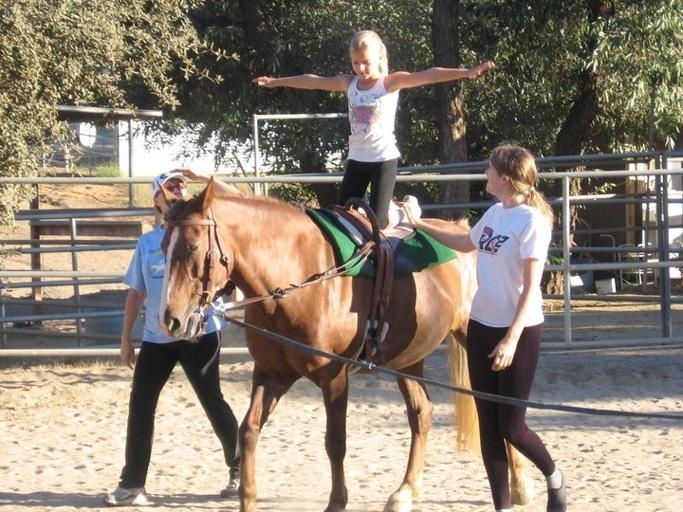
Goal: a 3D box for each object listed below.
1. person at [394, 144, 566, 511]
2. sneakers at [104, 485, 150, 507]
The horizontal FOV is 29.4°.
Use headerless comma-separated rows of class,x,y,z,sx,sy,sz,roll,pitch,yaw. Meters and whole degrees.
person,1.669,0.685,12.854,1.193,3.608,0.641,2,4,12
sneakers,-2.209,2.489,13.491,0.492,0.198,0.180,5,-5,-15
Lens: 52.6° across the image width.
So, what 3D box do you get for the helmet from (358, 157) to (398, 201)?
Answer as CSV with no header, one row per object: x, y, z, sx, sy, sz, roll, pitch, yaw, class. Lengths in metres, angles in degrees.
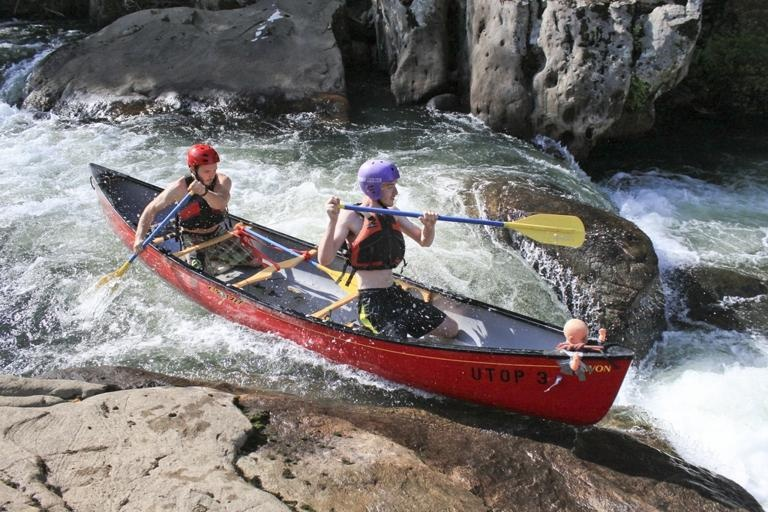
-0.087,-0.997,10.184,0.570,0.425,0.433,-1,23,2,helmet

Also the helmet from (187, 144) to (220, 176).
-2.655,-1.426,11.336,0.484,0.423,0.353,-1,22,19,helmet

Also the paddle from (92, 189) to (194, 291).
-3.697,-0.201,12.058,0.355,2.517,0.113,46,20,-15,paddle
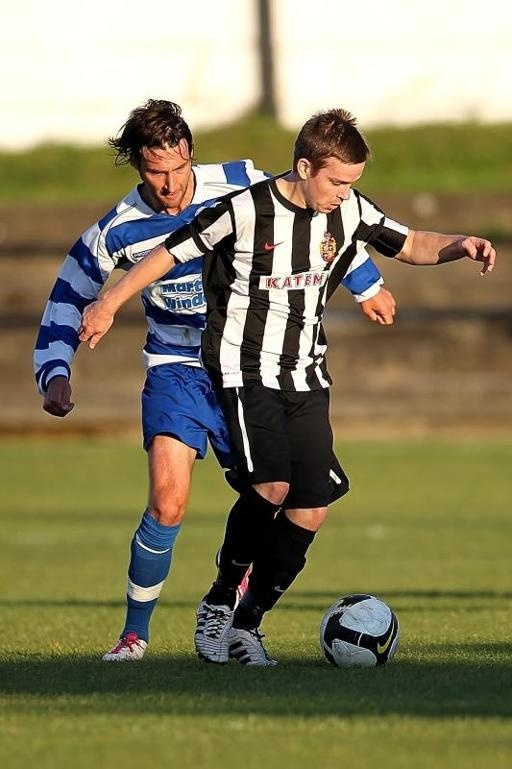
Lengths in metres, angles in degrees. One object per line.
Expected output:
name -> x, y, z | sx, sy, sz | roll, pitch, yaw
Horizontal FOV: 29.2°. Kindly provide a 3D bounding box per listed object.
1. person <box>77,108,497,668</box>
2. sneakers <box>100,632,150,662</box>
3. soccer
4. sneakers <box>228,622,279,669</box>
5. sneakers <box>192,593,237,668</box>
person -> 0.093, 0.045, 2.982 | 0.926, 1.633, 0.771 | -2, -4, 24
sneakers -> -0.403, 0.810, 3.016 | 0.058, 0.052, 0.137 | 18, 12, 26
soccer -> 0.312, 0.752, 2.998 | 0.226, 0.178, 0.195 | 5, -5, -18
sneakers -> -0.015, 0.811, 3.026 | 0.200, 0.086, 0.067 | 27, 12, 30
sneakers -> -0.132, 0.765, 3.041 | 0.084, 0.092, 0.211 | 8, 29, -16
---+---
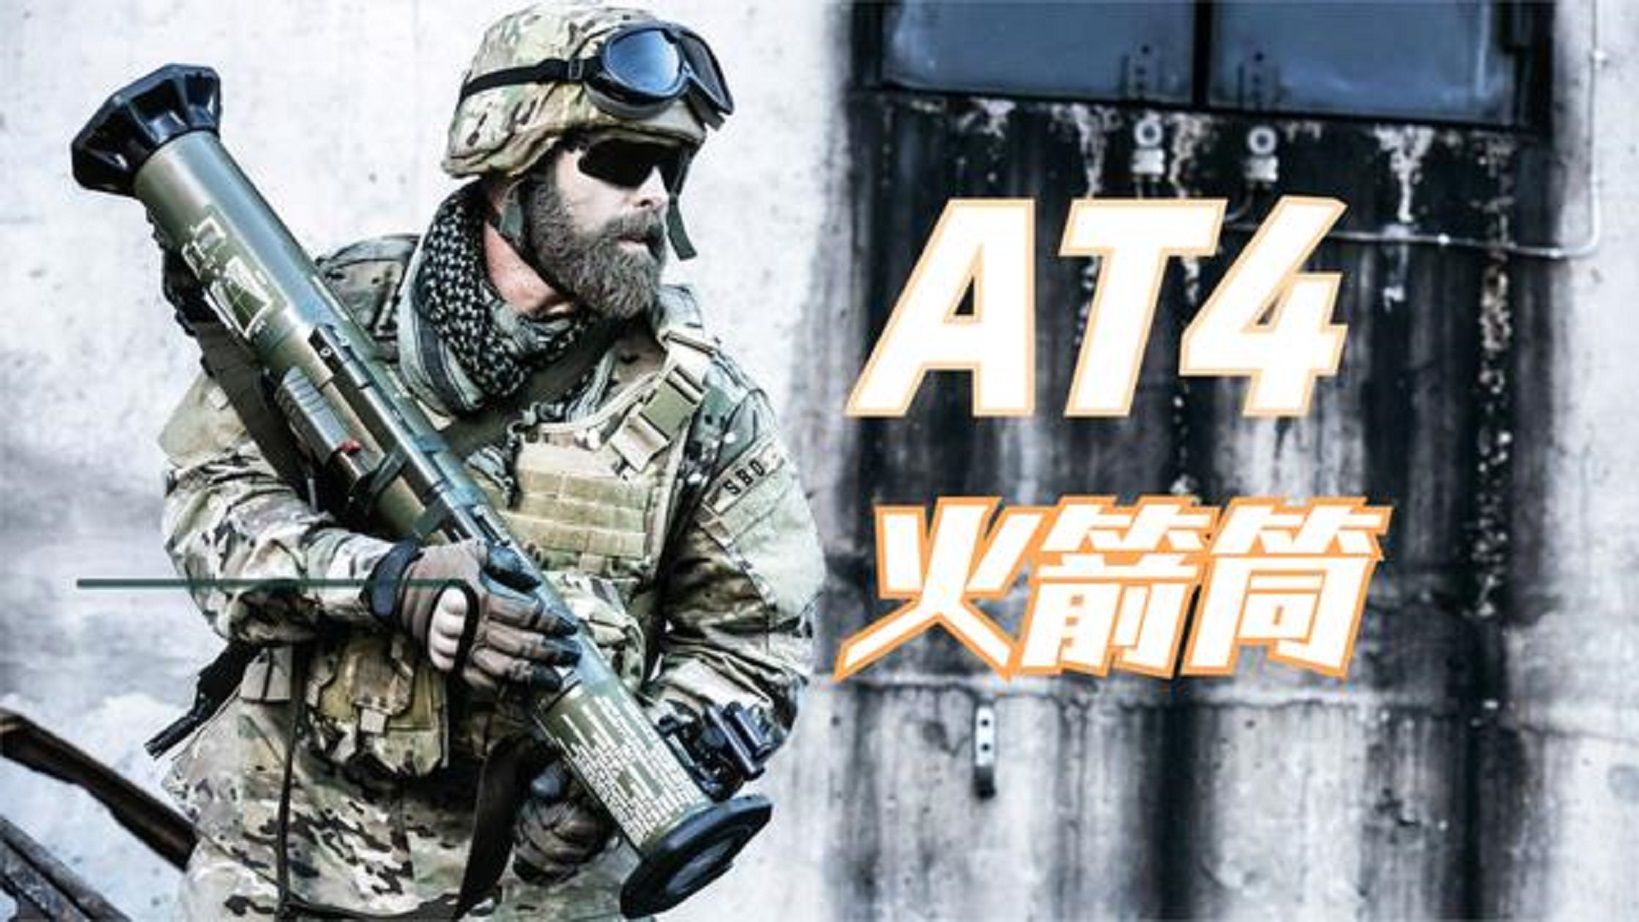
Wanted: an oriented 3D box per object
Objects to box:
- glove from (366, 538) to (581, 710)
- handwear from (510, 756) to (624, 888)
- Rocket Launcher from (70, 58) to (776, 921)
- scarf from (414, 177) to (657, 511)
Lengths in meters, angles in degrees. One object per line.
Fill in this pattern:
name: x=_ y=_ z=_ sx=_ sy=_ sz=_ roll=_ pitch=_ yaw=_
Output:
---+---
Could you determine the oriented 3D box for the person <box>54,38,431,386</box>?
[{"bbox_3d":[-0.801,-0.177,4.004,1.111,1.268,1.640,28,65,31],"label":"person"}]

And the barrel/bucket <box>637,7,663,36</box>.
---+---
**BRIEF:** Retype only the lines above between the line with "Goal: a 3D box for each object listed below." and the line with "So, what 3D", counting those two lines as well, and keep every character as it is.

**EXERCISE SOLUTION:**
Goal: a 3D box for each object listed below.
1. person at [394, 144, 566, 511]
2. sneakers at [104, 485, 150, 507]
The horizontal FOV is 29.4°.
Use headerless comma-separated rows of class,x,y,z,sx,sy,sz,roll,pitch,yaw. Meters and whole degrees.
person,1.669,0.685,12.854,1.193,3.608,0.641,2,4,12
sneakers,-2.209,2.489,13.491,0.492,0.198,0.180,5,-5,-15
Lens: 52.6° across the image width.
So, what 3D box do you get for the helmet from (358, 157) to (398, 201)?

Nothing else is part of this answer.